On Tuesday 27 May 2003 09:01 am, Tim May wrote:
On Tuesday, May 27, 2003, at 04:23 AM, Roy M.Silvernail wrote:
Frankly, I'm surprised I haven't yet seen incidents of spammers following up via another comm channel to find out why their spam was ignored and/or repeat their pitch. For that matter, with all the First Amendment blather heard from spammers, I'd almost expect one of them to argue for proactively enforced delivery and some sort of "obligation to read" statute.
No, absolutely _nothing_ in the First can possibly imply any "enforced delivery" or "obligation to read." I assume you are semi-joking, but this bears repeating, especially for those here who seem to be unclear on the concepts.
I understand the limitations of the First, but I wasn't exactly joking. And while I agree that the First cannot be said to imply such obligations, it seems to me that, on the surface, it would not preclude them, either. "Obligation to read" does not directly infringe upon the right to free speech. A deeper examination would probably show that it would infringe on the implied "right to be left alone" that is usually referred to as the "right" to privacy, but I don't think that would be enough to prevent such a law from being enacted. One would hope that it would be thrown out after an appeal reached the proper altitude. But until a properly deep-pocketed party could pursue it that far, many of the more shallow-pocketed would suffer.
Secondly, most if not all of the "anti-spam laws" are, in fact, directly in contravention of the First Amendment.
Does this include descendents of the junk-fax laws? (are there any of those, or haven't the lawgivers made the connection between fax paper and CPU cycles yet?)
The First does not allow government to be in the content examination business. Those who think otherwise need....well, you all know what they need. I am serious. I am fucking sick and tired of bureaucrats, legislators, and even people on lists like this thinking that they have some authorization to examine the letters or e-mails I receive.

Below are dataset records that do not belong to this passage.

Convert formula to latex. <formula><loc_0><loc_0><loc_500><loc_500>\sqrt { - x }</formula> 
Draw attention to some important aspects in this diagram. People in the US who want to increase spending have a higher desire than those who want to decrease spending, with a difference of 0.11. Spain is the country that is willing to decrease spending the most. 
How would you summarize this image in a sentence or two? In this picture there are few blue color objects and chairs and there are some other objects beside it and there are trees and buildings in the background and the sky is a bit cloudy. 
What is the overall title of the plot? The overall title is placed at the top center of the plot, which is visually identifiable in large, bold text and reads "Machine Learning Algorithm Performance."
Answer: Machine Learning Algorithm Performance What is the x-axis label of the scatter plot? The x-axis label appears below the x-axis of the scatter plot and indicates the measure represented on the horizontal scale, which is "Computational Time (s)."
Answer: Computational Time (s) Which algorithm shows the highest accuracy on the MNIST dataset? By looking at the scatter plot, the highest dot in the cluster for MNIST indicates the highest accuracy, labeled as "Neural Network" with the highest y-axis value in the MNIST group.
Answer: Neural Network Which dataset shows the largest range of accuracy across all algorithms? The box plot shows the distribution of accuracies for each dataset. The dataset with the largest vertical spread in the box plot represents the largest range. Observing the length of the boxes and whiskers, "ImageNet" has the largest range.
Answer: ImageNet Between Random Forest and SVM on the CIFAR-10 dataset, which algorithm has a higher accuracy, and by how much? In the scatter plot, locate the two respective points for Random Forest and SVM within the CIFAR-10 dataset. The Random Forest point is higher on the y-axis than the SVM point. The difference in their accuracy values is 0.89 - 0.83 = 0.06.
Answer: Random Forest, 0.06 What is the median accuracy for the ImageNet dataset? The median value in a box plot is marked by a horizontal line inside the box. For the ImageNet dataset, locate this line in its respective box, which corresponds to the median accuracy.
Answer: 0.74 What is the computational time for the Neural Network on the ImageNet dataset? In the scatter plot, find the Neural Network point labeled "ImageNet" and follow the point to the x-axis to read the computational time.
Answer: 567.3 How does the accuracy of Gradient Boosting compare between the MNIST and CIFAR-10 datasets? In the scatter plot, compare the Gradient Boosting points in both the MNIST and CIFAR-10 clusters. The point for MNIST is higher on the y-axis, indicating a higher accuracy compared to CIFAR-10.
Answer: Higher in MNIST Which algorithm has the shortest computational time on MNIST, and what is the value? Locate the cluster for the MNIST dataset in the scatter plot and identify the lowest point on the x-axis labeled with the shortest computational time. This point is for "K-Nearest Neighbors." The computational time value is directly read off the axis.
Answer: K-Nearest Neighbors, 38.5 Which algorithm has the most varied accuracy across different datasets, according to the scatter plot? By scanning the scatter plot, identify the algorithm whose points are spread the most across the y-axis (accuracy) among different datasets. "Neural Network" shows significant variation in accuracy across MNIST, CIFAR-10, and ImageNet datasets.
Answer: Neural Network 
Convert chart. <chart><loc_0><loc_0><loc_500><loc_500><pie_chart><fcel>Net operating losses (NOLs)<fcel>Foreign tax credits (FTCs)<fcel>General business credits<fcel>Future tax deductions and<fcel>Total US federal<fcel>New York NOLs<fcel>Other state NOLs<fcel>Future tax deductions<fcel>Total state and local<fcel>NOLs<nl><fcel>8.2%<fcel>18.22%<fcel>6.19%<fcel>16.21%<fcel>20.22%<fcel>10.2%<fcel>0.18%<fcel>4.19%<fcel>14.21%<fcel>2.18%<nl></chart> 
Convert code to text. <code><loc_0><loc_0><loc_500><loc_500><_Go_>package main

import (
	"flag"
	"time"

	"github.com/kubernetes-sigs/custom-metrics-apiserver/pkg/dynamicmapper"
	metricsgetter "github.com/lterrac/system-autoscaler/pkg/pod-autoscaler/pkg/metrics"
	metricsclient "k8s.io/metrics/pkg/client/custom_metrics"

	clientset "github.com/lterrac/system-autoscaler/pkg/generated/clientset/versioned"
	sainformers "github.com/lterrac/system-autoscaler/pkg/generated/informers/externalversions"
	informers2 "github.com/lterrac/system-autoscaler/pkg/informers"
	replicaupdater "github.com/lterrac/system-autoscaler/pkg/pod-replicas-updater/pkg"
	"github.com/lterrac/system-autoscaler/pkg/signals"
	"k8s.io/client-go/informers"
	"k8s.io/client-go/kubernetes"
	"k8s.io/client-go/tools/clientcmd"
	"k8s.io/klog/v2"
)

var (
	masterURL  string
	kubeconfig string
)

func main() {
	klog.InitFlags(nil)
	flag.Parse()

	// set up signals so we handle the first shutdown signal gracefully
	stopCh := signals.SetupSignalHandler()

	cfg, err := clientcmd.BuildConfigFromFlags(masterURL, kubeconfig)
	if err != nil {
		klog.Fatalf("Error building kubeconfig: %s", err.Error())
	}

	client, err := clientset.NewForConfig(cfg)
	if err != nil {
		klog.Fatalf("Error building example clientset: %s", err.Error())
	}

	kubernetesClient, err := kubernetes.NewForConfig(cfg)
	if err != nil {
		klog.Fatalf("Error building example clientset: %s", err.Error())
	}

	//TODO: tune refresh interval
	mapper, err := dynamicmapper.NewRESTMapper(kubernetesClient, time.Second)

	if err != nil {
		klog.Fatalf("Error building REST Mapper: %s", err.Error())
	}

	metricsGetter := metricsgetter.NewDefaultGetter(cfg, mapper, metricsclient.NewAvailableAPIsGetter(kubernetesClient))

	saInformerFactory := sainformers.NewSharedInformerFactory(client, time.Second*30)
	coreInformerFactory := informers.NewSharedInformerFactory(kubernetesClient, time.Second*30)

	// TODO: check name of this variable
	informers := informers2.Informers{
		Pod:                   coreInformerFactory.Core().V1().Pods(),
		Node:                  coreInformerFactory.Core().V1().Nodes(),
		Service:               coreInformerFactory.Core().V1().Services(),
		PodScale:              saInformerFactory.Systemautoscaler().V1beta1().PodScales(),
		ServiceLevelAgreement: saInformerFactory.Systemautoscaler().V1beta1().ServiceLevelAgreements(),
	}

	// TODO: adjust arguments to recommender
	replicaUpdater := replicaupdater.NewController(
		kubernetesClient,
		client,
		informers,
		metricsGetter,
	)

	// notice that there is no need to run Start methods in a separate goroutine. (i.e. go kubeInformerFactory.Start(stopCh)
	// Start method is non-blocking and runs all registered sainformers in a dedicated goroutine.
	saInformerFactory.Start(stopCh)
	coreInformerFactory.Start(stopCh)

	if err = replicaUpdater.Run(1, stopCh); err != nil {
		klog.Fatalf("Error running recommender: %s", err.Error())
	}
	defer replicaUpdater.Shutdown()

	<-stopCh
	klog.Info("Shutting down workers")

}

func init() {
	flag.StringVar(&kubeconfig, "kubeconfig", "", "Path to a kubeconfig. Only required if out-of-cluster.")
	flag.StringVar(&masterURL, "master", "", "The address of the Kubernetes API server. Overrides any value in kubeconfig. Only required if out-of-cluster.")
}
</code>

How about simply holding companies absolutely responsible for the methods used to distribute their advertising? Couldn't Truth In Advertising be extended to email solicitation? The one thing that *all* UCE has in common is the attempt to sell something, and that requires an identifiable business presence. After all, people can't buy from a company if the company doesn't provide *some* method of contact to accept orders. I'd think that would at least reduce the flow of UCE on behalf of US concerns. It wouldn't touch the foreign-based spam, but how many people are going to order their bootleg toner cartridges from Botswana? The advantage is that the complainant is examining the content, not the Gummint (provided there aren't unreasonable barriers hindering complainants).